Qnap Nas ts-212 infetto da ransomware .encrypted

mtguido

Utente Attivo
1,010
29
Buonasera,
oggi ho aperto da iphone l'app Qfile per recuperare un file sul mio nas Qnap ts-212. Con mia grande sorpresa mi sono ritrovato tutti i file con estensione .encrypted. In ogni cartella era presente un fle "README_FOR_DECRYPT.txtt". All'interno dello stesso indicazioni per collegarsi ad un sito internet per scoprire con decriptare i file.
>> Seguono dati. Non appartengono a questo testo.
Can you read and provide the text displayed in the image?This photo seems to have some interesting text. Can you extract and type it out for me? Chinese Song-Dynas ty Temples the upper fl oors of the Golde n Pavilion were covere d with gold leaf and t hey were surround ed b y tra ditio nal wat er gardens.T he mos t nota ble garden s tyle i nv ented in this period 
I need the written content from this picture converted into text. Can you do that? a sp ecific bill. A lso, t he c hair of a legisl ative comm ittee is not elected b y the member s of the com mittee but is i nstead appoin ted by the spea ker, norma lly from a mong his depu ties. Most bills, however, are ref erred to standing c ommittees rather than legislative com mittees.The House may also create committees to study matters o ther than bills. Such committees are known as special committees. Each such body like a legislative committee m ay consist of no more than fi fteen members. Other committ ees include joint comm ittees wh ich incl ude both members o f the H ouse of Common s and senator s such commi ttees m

Chiaramente non ho aperto il sito.

Sono corso a staccare il nas dalla rete e ho subito staccato anche l'hard disk esterno collegato al nas dove effettuo i backup settimanali dei dati del nas.
Successivamente ho verificato lo stato dei due computer di casa e al momento sembrerebbero non essere stati attaccati (ho fatto una passata con malwarebytes).

Poi ho voluto controllare lo stato del disco esterno del nas, quello dei backup, per scoprire se i dati erano salvi. L'ho collegato ad un vecchio portatile (la live di ubunti non mi leggeva il disco, è ntfs) e sembrerebbe che miracolosamente i file siano integri. In realtà sulla cartella radice dell'hard disk esterno è presente il solito file "README_FOR_DECRYPT.txtt" ma tutte le cartelle e i file sembrano integre e leggibili.

Adesso vi chiedo quindi come recuperare il nas. Al momento lo tengo scollegato e non saprei come agire anche perchè collegandolo alla rete avrei paura di infettare gli altri dispositivi.
Inoltre anche l'hard disk esterno con il backup vorrei analizzarlo ma il portatile su cui ho fatto il test è troppo vecchio non riesco ad installarci neanche malwarebytes.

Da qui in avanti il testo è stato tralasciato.